(Items listed in a dataset)
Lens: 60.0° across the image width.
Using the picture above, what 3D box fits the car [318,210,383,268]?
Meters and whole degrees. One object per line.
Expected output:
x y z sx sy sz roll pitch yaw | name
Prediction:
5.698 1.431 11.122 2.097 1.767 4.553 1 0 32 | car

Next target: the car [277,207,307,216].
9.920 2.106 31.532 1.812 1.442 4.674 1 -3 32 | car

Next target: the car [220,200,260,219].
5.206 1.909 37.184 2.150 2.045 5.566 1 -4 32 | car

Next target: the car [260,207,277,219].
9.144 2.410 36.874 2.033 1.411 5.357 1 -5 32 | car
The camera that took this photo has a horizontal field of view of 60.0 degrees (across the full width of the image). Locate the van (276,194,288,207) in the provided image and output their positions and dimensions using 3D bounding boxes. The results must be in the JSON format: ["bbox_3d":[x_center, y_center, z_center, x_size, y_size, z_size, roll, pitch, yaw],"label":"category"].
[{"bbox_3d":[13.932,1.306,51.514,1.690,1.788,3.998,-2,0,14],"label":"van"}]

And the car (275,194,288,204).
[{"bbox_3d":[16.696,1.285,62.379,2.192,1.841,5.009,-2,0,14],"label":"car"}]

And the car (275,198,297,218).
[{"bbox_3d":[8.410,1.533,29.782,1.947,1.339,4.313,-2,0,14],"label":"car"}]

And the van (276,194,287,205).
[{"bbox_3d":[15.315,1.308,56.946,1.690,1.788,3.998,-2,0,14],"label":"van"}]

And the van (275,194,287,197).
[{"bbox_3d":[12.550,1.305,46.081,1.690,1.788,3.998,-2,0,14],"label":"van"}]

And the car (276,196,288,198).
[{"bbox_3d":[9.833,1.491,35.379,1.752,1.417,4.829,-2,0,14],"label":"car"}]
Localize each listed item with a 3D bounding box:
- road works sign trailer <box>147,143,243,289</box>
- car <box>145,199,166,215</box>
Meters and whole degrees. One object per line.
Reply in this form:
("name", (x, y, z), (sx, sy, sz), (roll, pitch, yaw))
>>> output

**Task prompt**
Only the lines from the one containing "And the van (276,194,287,205)." through the end of the data above are wanted, both ends included; restate them word for word.

**Response**
And the van (276,194,287,205).
[{"bbox_3d":[15.315,1.308,56.946,1.690,1.788,3.998,-2,0,14],"label":"van"}]

And the van (275,194,287,197).
[{"bbox_3d":[12.550,1.305,46.081,1.690,1.788,3.998,-2,0,14],"label":"van"}]

And the car (276,196,288,198).
[{"bbox_3d":[9.833,1.491,35.379,1.752,1.417,4.829,-2,0,14],"label":"car"}]
Localize each listed item with a 3D bounding box:
- road works sign trailer <box>147,143,243,289</box>
- car <box>145,199,166,215</box>
Meters and whole degrees. One object per line.
Reply in this form:
("name", (x, y, z), (sx, sy, sz), (roll, pitch, yaw))
>>> output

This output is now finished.